§ Activity:
Write out the full set of records exactly. Any pictures in them do not belong in the copy.

Items from a dataset:

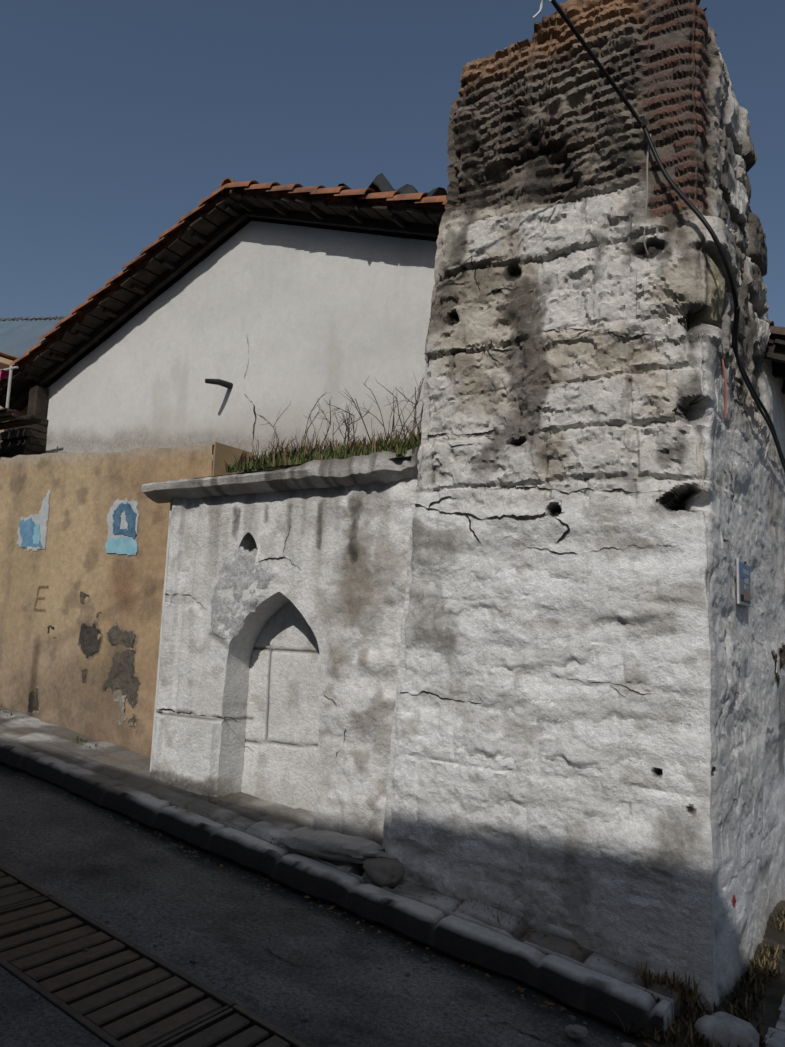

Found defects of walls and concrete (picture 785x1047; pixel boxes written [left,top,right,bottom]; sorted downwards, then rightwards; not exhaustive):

crack [415,486,677,554]
spalling [77,612,141,733]
spalling [771,643,785,688]
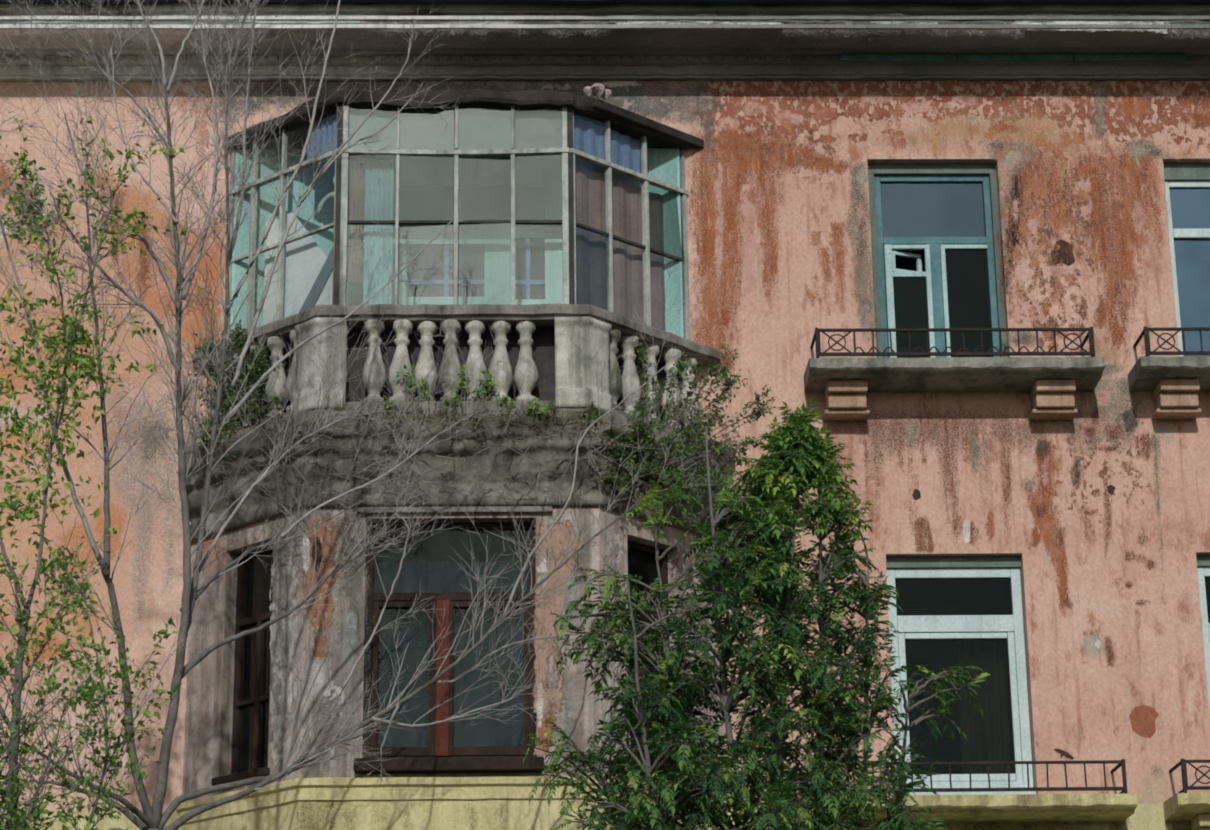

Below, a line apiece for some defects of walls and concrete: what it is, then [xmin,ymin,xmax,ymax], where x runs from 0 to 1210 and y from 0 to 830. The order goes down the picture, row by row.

§ Exercise answer:
Found defects of walls and concrete (picture 785x1047; pixel boxes written [left,top,right,bottom]; sorted downwards, then rightwards; not exhaustive):

crack [415,486,677,554]
spalling [77,612,141,733]
spalling [771,643,785,688]

Below, a line apiece for some defects of walls and concrete: what it is, then [xmin,ymin,xmax,ymax], where x runs from 0 to 1210 and y from 0 to 830. The order goes down the picture, row by row.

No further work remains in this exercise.